Philosophical Moral Theories: Virtue Ethics
- concepts from video...
- Virtue — general idea of being an excellent person. Also, specific lists of virtues (vary by time and culture)
- A bit of Aristotle’s theory of virtue and human nature: fixed nature, species eternal, proper function (telos), distinctive aspect of function: being rational and political. (Note that modern virtue theorists aren't committed to some of A's false ideas.)
- Virtue is natural to us. Like an acorn becoming a tree. Being virtuous is being the best of the kind of thing you are. A deep intuition supports this developmental approach. (Pause to consider personal examples of the reality of moral development.)
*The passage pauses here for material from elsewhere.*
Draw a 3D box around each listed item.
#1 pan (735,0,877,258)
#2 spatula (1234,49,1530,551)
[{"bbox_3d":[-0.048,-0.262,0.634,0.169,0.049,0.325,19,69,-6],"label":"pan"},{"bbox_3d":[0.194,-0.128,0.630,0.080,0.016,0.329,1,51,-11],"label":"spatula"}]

- Theory of the Golden Mean: Virtue as mean between extremes of emotion: Ex. Courage (story of stopping the mugger), Honesty, Generosity. (Let's give our own examples.) Virtue as training of emotional response in relation to knowledge of circumstances and the good.
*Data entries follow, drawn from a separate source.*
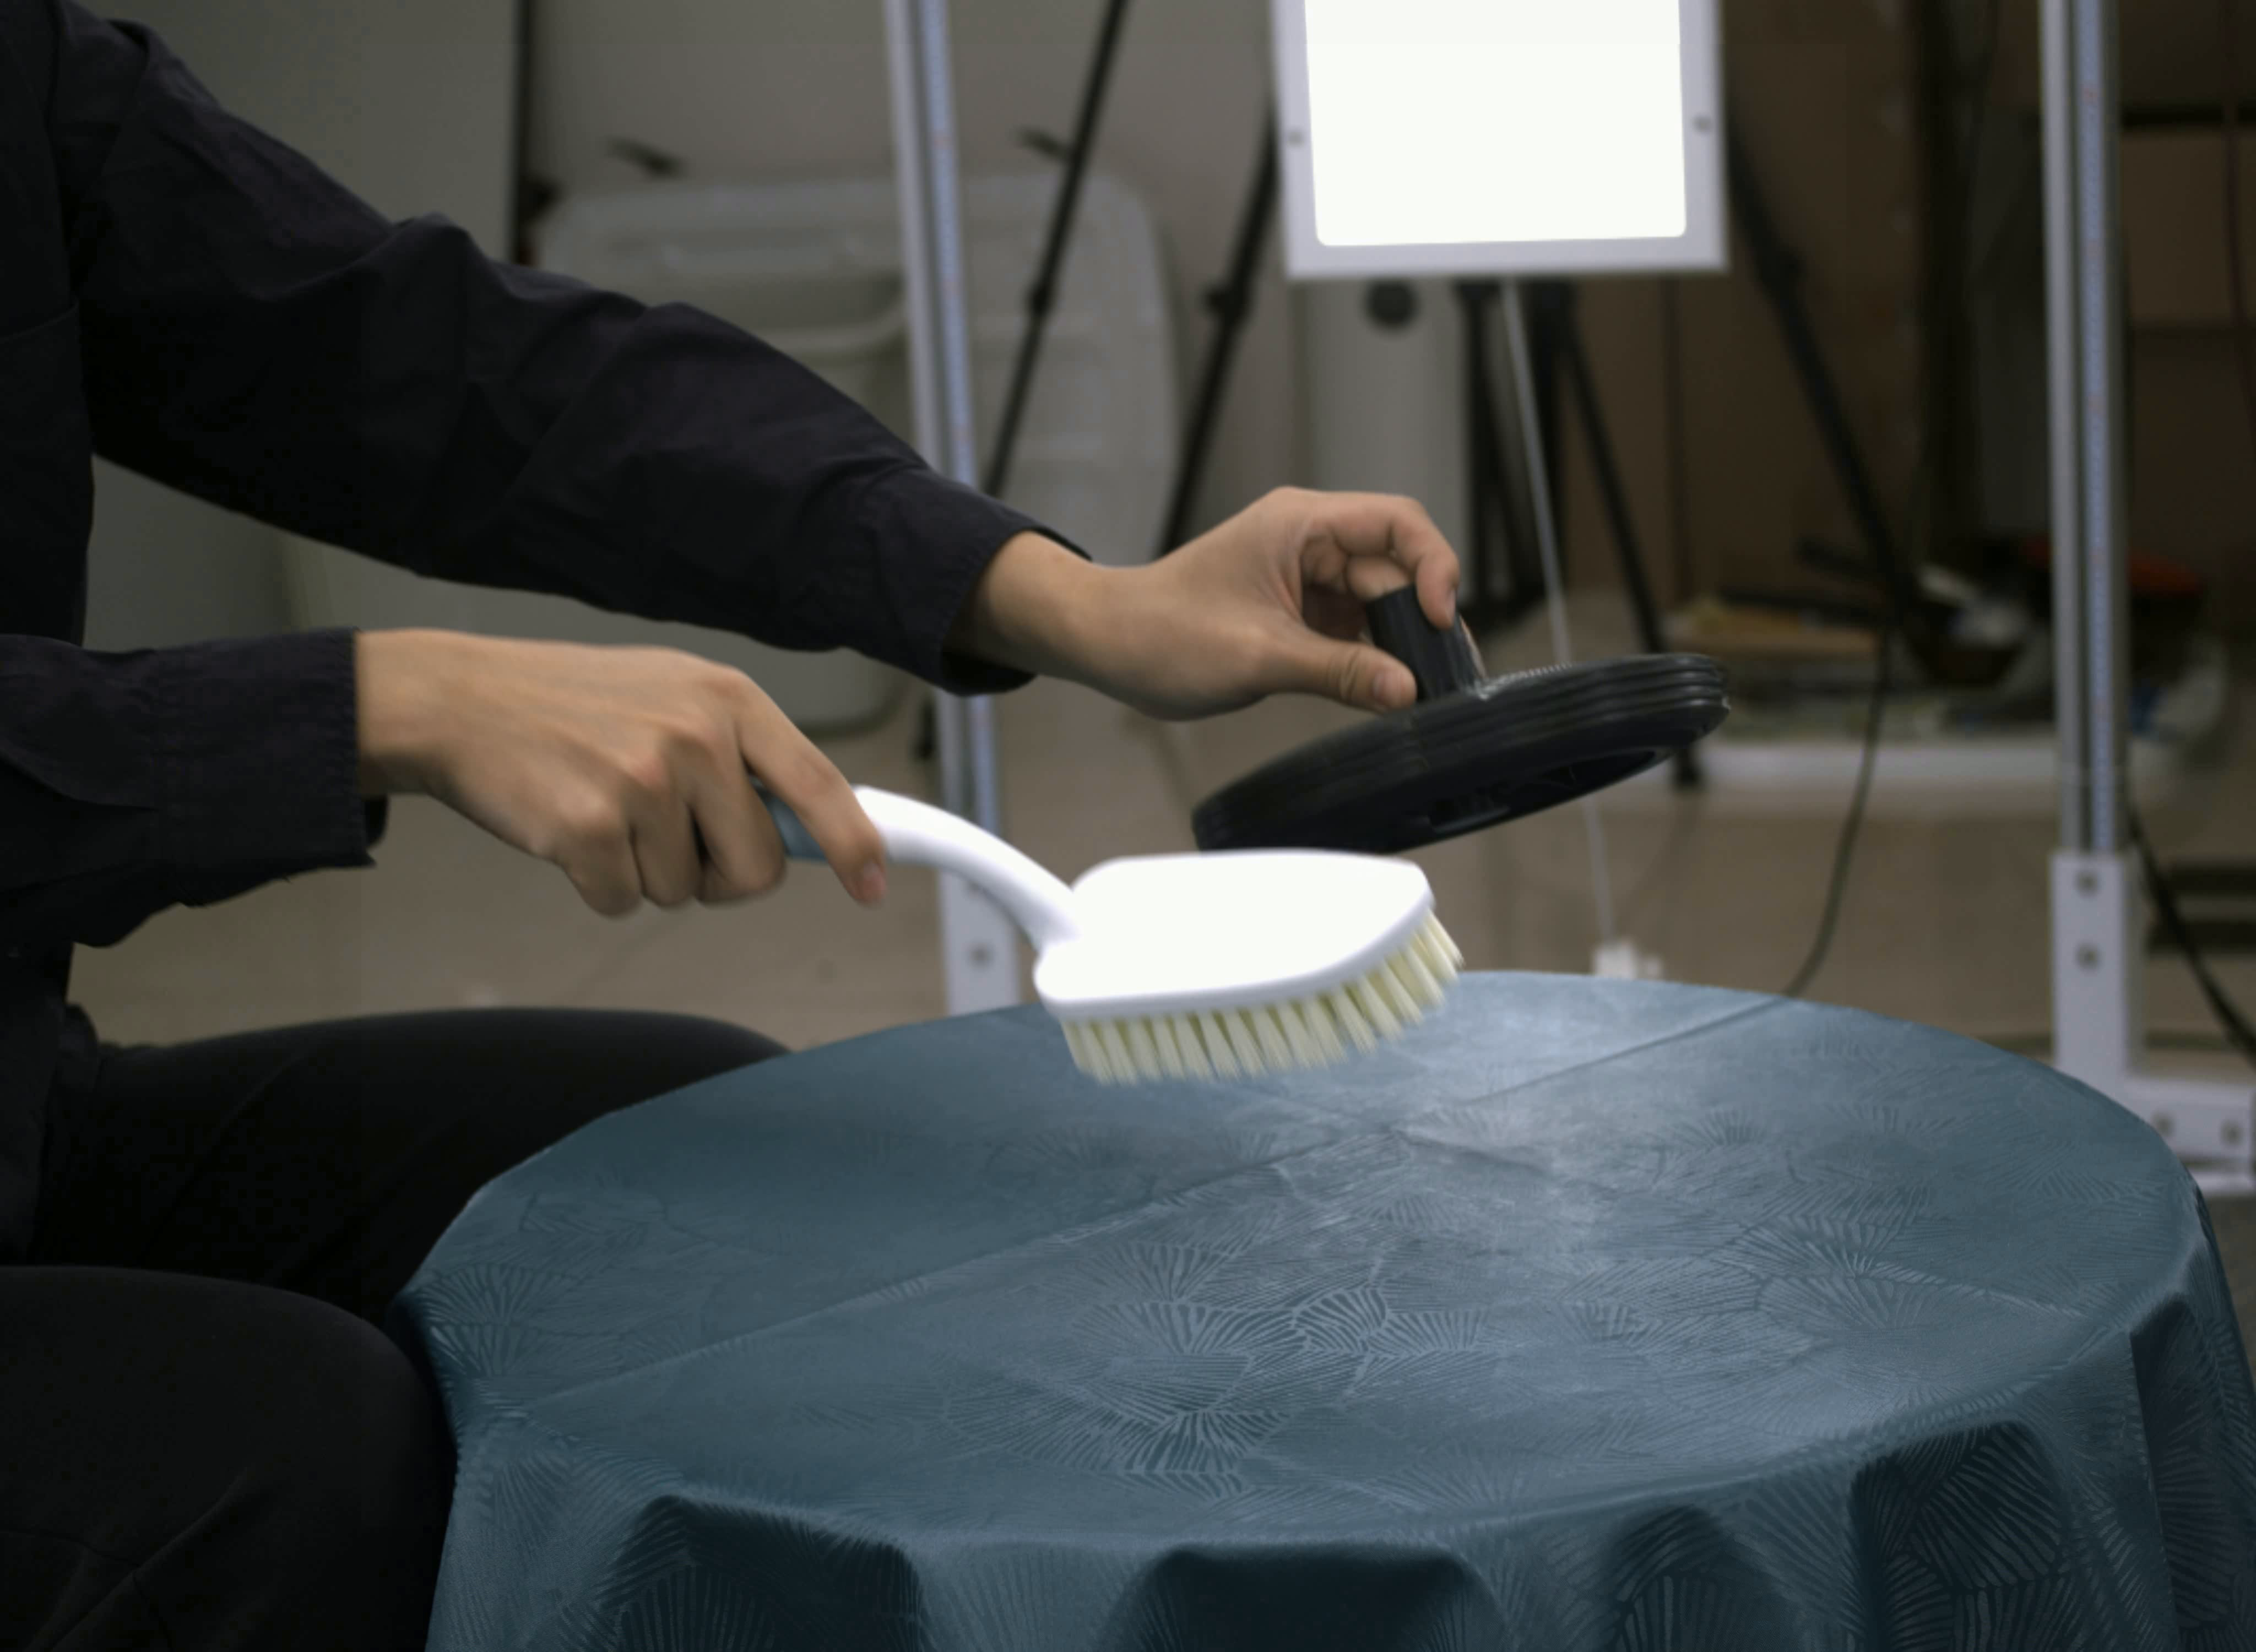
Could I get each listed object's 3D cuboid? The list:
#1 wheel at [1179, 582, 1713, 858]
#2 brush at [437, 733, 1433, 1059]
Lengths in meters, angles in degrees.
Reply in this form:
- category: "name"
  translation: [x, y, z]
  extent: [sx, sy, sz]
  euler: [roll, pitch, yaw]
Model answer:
- category: "wheel"
  translation: [0.103, -0.042, 1.890]
  extent: [0.186, 0.079, 0.190]
  euler: [-14, -7, -21]
- category: "brush"
  translation: [-0.061, 0.025, 1.733]
  extent: [0.329, 0.085, 0.082]
  euler: [6, 5, 19]

- How do you acquire virtue? Experience. Practical Wisdom cultivated through habituation. Follow a moral exemplar (virtue coach). Good parenting and shaping by healthy family. It's a training program in becoming the best human you can be based on your "telos".
- What if we don’t want to become virtuous? What is the motivation to virtue? The pursuit of a happy life that “goes well”. Eudaimonia. Human flourishing. Challenge and development of talents. Should be attractive. Connection between virtue and happiness not guaranteed for Aristotle, but could be tighter in other versions.
- Additional points:
- centrality of virtues and practical wisdom. Is practical wisdom real?
- historic variability and list of virtues. Curiosity was a vice in Medieval Europe. Check out virtue lists on Virtue Wiki.
Everyday Ethics: Thinking about Virtue in your own experience
- Scroll through the Virtue wiki page Virtue Wiki. Notice the various list of virtues. Write down 5 that are important to you in your life right now and that you would say you are working on. Report your results with this form
- Then, in your group discussion, identify virtues that you have made alot of progress on and ones that you are still working on. Record some of each to report back to the class.